» Exercise directions
Below is a listing. Write out exactly its lines between the one holding "49) cardboard box" and the one holding "52) cardboard box", inclusive.

» Data listing
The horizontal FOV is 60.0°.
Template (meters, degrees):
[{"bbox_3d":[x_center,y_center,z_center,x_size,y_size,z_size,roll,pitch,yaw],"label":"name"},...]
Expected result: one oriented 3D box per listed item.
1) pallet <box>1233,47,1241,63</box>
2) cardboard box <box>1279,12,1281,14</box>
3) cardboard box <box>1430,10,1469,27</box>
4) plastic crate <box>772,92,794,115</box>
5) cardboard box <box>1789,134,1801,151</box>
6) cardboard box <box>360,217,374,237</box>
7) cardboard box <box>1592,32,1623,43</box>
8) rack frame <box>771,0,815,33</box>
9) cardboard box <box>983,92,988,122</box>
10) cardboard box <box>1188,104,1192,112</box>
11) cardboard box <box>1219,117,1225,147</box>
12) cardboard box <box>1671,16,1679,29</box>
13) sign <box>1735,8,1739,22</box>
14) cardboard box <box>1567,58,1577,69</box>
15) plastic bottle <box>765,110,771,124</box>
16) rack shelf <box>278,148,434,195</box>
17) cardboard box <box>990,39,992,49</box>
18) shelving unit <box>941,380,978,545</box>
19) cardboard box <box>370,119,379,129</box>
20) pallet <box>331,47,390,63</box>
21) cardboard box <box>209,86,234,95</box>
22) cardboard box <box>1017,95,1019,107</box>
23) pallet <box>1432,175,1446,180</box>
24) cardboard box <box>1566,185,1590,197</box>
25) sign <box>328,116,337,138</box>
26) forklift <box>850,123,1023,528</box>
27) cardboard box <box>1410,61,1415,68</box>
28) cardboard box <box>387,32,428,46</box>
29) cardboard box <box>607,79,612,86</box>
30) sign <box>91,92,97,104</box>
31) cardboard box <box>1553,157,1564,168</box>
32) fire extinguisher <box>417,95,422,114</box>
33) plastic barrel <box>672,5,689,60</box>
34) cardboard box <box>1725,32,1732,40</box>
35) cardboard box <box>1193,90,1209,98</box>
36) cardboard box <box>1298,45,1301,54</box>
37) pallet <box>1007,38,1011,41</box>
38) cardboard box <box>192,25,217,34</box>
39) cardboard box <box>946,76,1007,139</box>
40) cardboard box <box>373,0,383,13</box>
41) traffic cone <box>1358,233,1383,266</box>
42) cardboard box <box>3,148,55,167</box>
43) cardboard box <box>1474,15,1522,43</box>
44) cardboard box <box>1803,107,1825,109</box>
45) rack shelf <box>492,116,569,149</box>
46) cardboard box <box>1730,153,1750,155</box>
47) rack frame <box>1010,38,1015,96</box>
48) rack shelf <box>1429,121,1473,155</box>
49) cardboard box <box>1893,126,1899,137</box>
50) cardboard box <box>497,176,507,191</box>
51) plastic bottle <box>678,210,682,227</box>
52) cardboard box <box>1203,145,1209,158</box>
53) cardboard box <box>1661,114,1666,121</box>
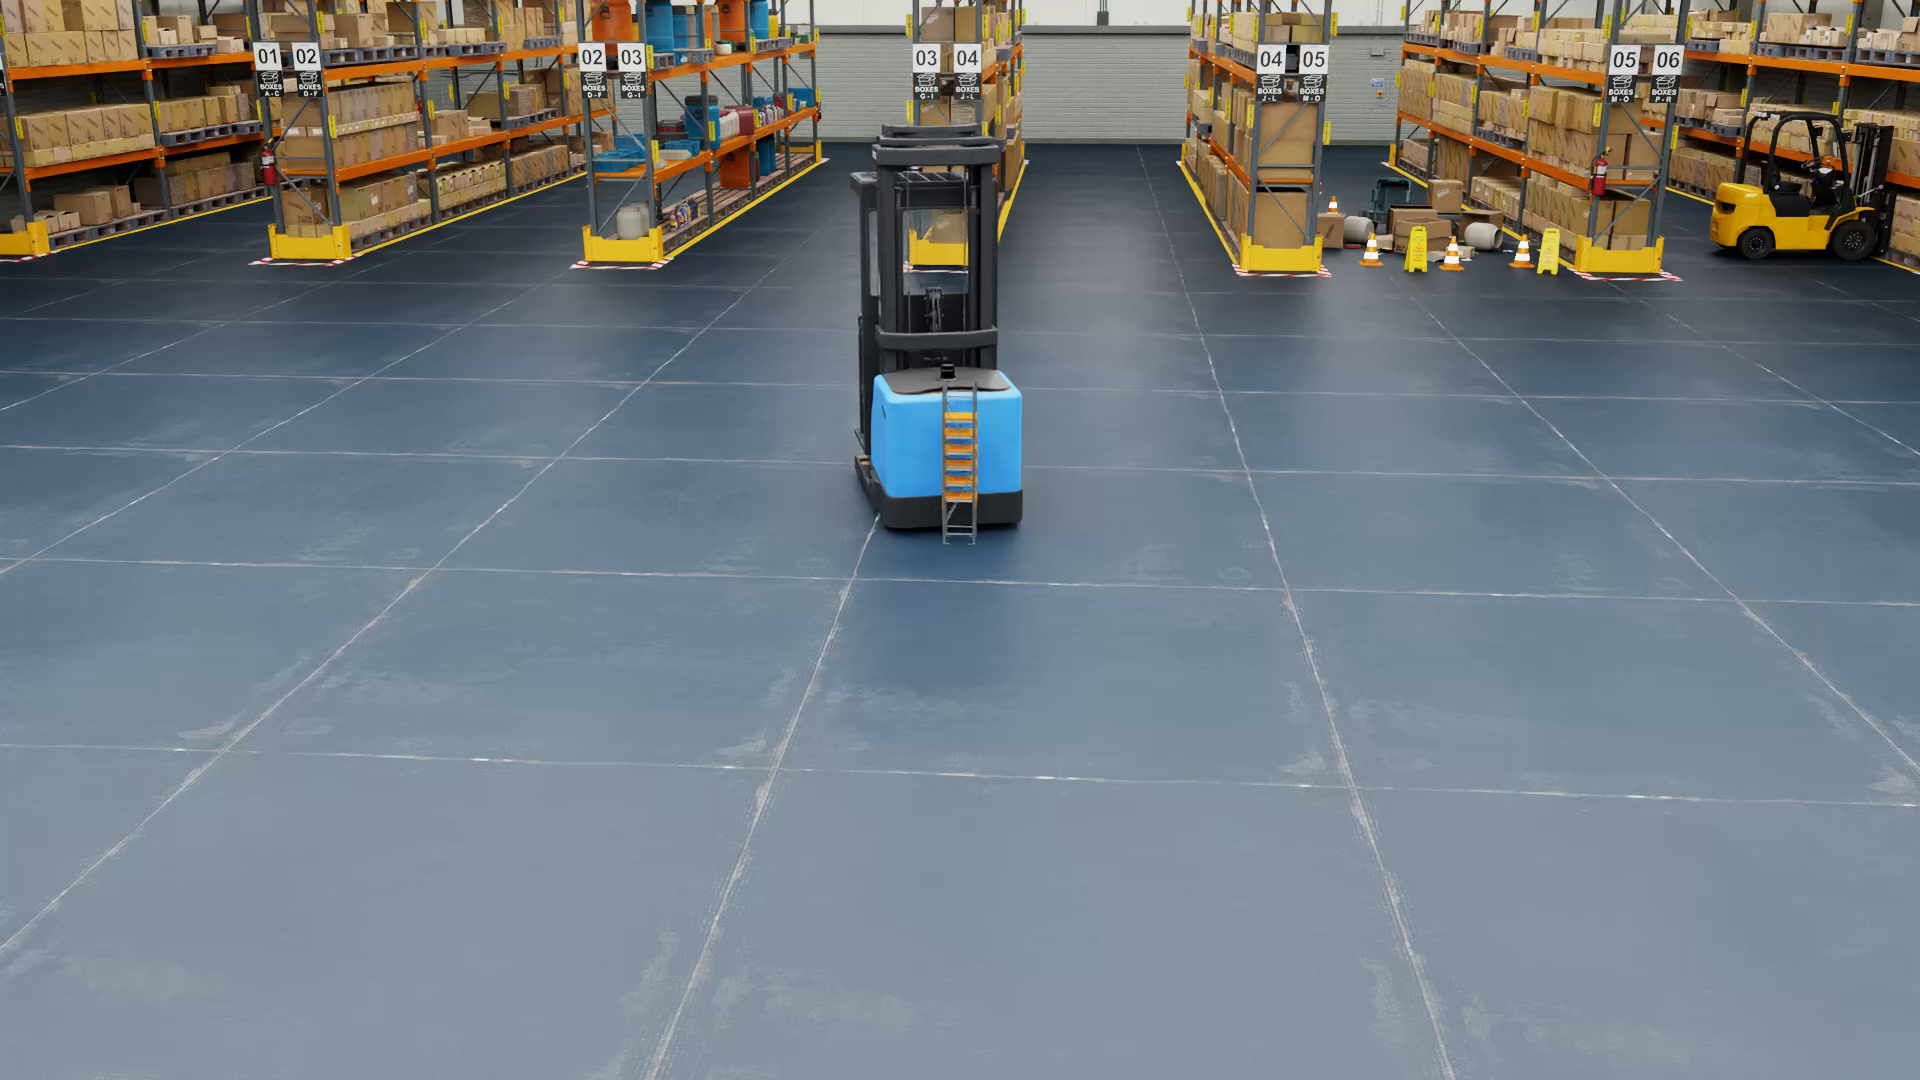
[{"bbox_3d":[4.974,-7.834,26.839,1.003,0.211,1.213,1,18,4],"label":"pallet"},{"bbox_3d":[5.298,-8.360,26.588,0.380,0.149,0.250,1,18,4],"label":"cardboard box"},{"bbox_3d":[10.626,-11.251,36.125,0.797,0.503,0.637,3,18,8],"label":"cardboard box"},{"bbox_3d":[-3.950,-9.773,37.231,0.402,0.464,0.583,1,18,4],"label":"plastic crate"},{"bbox_3d":[14.811,-6.917,28.956,0.500,0.250,0.500,1,18,4],"label":"cardboard box"},{"bbox_3d":[-9.772,-5.037,26.718,0.500,0.250,0.500,1,18,4],"label":"cardboard box"},{"bbox_3d":[9.557,-7.416,24.545,0.380,0.149,0.250,1,18,4],"label":"cardboard box"},{"bbox_3d":[-3.977,-13.535,39.278,1.000,3.000,0.127,1,18,4],"label":"rack frame"},{"bbox_3d":[0.170,-6.588,25.468,0.500,0.500,0.500,1,18,4],"label":"cardboard box"},{"bbox_3d":[5.503,-10.057,38.700,0.380,0.149,0.250,1,18,2],"label":"cardboard box"},{"bbox_3d":[4.886,-7.234,29.523,0.500,0.500,0.500,1,18,4],"label":"cardboard box"},{"bbox_3d":[15.308,-10.896,35.001,0.500,0.250,0.500,1,18,4],"label":"cardboard box"},{"bbox_3d":[16.066,-10.848,34.431,0.100,0.325,0.005,1,18,4],"label":"sign"},{"bbox_3d":[9.513,-7.284,25.423,0.380,0.149,0.250,1,18,3],"label":"cardboard box"},{"bbox_3d":[-4.058,-8.869,34.873,0.152,0.276,0.135,1,18,4],"label":"plastic bottle"},{"bbox_3d":[-9.921,-6.106,27.396,1.077,0.370,4.000,1,18,4],"label":"rack shelf"},{"bbox_3d":[0.332,-8.036,26.913,0.380,0.149,0.250,1,18,2],"label":"cardboard box"},{"bbox_3d":[-0.001,-0.566,12.222,0.258,1.200,0.189,1,18,4],"label":"shelving unit"},{"bbox_3d":[-9.710,-6.777,27.086,0.380,0.149,0.250,1,18,4],"label":"cardboard box"},{"bbox_3d":[-9.903,-7.809,26.763,1.003,0.211,1.213,1,18,4],"label":"pallet"},{"bbox_3d":[-14.435,-8.778,32.485,0.380,0.149,0.250,-2,18,-5],"label":"cardboard box"},{"bbox_3d":[1.087,-10.010,37.918,0.500,0.250,0.500,1,18,4],"label":"cardboard box"},{"bbox_3d":[10.581,-7.544,35.106,1.003,0.211,1.213,1,18,4],"label":"pallet"},{"bbox_3d":[9.457,-5.311,25.309,0.380,0.149,0.250,2,18,6],"label":"cardboard box"},{"bbox_3d":[-9.511,-6.262,25.197,0.100,0.325,0.005,1,18,4],"label":"sign"},{"bbox_3d":[-0.287,-1.898,13.508,1.130,2.935,3.031,-3,18,-10],"label":"forklift"},{"bbox_3d":[10.465,-10.836,37.868,0.380,0.149,0.250,1,18,2],"label":"cardboard box"},{"bbox_3d":[-9.724,-8.814,29.254,0.500,0.250,0.500,3,18,10],"label":"cardboard box"},{"bbox_3d":[-8.675,-11.174,39.942,0.500,0.500,0.500,1,18,3],"label":"cardboard box"},{"bbox_3d":[-15.273,-7.740,29.367,0.100,0.325,0.005,1,18,4],"label":"sign"},{"bbox_3d":[9.554,-5.940,26.136,0.380,0.149,0.250,1,18,4],"label":"cardboard box"},{"bbox_3d":[-13.387,-10.728,41.069,0.296,0.674,0.183,1,18,4],"label":"fire extinguisher"},{"bbox_3d":[-5.017,-8.784,28.790,0.600,0.901,0.708,1,18,4],"label":"plastic barrel"},{"bbox_3d":[15.129,-9.816,32.347,0.380,0.149,0.250,2,18,6],"label":"cardboard box"},{"bbox_3d":[5.129,-9.440,35.189,0.380,0.149,0.250,2,18,7],"label":"cardboard box"},{"bbox_3d":[5.101,-7.115,24.070,0.380,0.149,0.250,1,18,4],"label":"cardboard box"},{"bbox_3d":[0.660,-10.380,34.774,0.805,0.209,1.217,1,18,2],"label":"pallet"},{"bbox_3d":[-14.713,-9.685,32.152,0.500,0.500,0.500,1,18,4],"label":"cardboard box"},{"bbox_3d":[0.300,-7.575,29.086,1.000,1.000,1.000,1,18,4],"label":"cardboard box"},{"bbox_3d":[-13.715,-12.312,38.565,0.500,0.500,0.500,0,18,1],"label":"cardboard box"},{"bbox_3d":[6.211,-4.390,25.078,0.336,0.463,0.334,1,18,4],"label":"traffic cone"},{"bbox_3d":[-14.654,-6.019,26.183,0.500,0.250,0.500,1,18,2],"label":"cardboard box"},{"bbox_3d":[10.151,-9.662,31.436,0.797,0.503,0.637,0,18,1],"label":"cardboard box"},{"bbox_3d":[15.373,-7.688,29.867,0.380,0.149,0.250,1,18,4],"label":"cardboard box"},{"bbox_3d":[-9.347,-8.591,34.978,1.077,0.370,4.000,1,18,4],"label":"rack shelf"},{"bbox_3d":[15.613,-7.636,33.208,0.380,0.149,0.250,1,18,4],"label":"cardboard box"},{"bbox_3d":[0.676,-9.331,36.084,1.000,3.000,0.127,1,18,4],"label":"rack frame"},{"bbox_3d":[10.418,-8.147,33.625,1.077,0.370,4.000,1,18,4],"label":"rack shelf"},{"bbox_3d":[14.523,-6.299,25.626,0.380,0.149,0.250,1,18,3],"label":"cardboard box"},{"bbox_3d":[-9.285,-7.035,32.818,0.500,0.250,0.500,2,18,5],"label":"cardboard box"},{"bbox_3d":[-4.651,-5.321,27.520,0.097,0.271,0.097,0,18,0],"label":"plastic bottle"},{"bbox_3d":[5.195,-7.848,33.692,0.500,0.250,0.500,2,18,5],"label":"cardboard box"},{"bbox_3d":[15.280,-9.067,35.681,0.380,0.149,0.250,2,18,5],"label":"cardboard box"}]

» Solution below
49) cardboard box <box>1893,126,1899,137</box>
50) cardboard box <box>497,176,507,191</box>
51) plastic bottle <box>678,210,682,227</box>
52) cardboard box <box>1203,145,1209,158</box>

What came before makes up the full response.